The younger Morgan emulated his father in his dislike for publicity, and he continued his father's philanthropic policy. In 1905, Morgan's father acquired the Guaranty Trust bank as part of his efforts to consolidate banking in New York City. After his father died in 1913, the bank became Morgan's base.

===World War I===
Morgan played a prominent part in financing World War I. Following its outbreak, he made the first loan of $12,000,000 to Russia. In 1915, a loan of $500,000,000 was made to France and Britain following negotiations by the Anglo-French Financial Commission. The firm's involvement with British and French interests fueled charges the bank was conspiring to maneuver the United States into supporting the Allies in order to rescue its loans. By 1915, when it became apparent the war was not going to end quickly, the company decided to forge formal relationships with France. Those dealings became strained over the course of the war as a result of poor personal relations with French emissaries, relationships that were heightened in importance by the unexpected duration of the conflict, its costs, and the complications flowing from American neutrality. Contributing to the tensions was the favoritism displayed by Morgan officials to British interests. His personal friendship with Cecil Spring Rice ensured that from 1915 until sometime after the United States entered the war, his firm was the official purchasing agent for the British government, buying cotton, steel, chemicals and food, receiving a 1% commission on all purchases. Morgan organized a syndicate of about 2200 banks and floated a loan of $500,000,000 to the Allies. The British sold off their holdings of American securities and by late 1916 were dependent on unsecured loans for further purchases.

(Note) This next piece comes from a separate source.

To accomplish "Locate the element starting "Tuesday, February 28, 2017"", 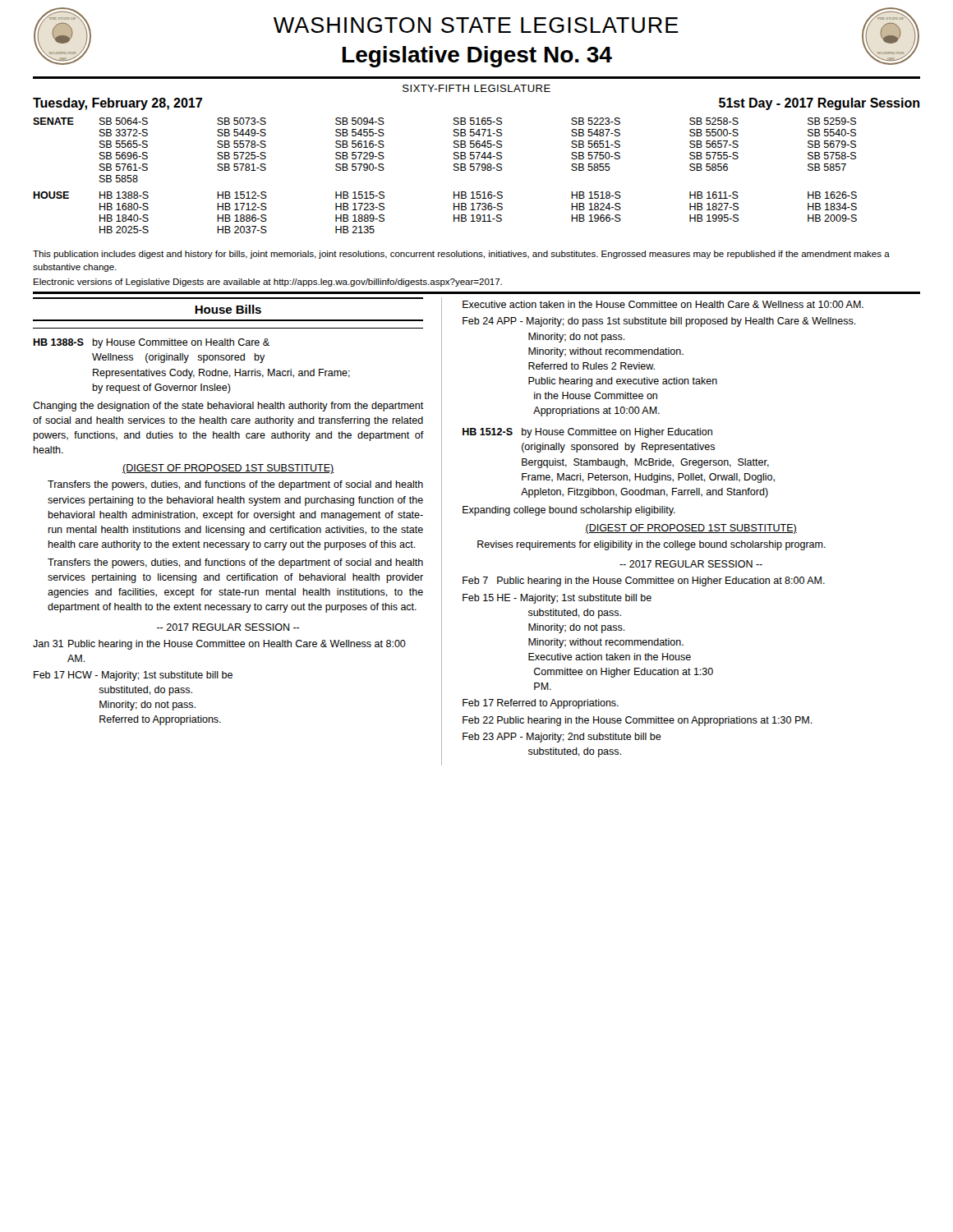I will 118,103.
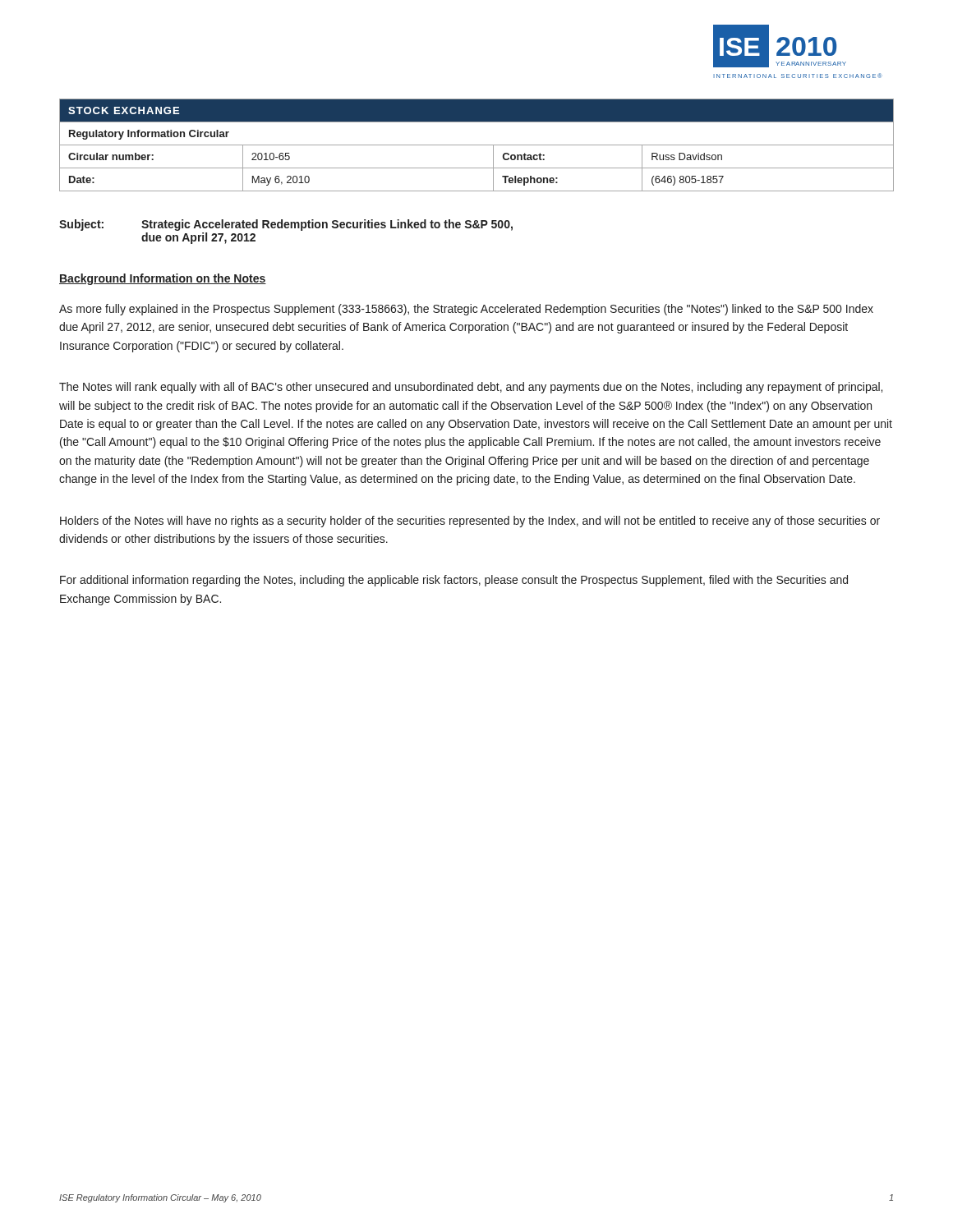This screenshot has height=1232, width=953.
Task: Locate the block of text that opens with "For additional information regarding"
Action: pos(454,589)

At the beginning of World War I, US Treasury Secretary William McAdoo and others in the Wilson administration were very suspicious of J. P. Morgan & Co.'s enthusiastic role as British agent for purchasing and banking. When the United States entered the war, this gave way to close collaboration, in the course of which Morgan received financial concessions. From 1914 to 1919, he was a member of the advisory council for the Federal Reserve Bank of New York.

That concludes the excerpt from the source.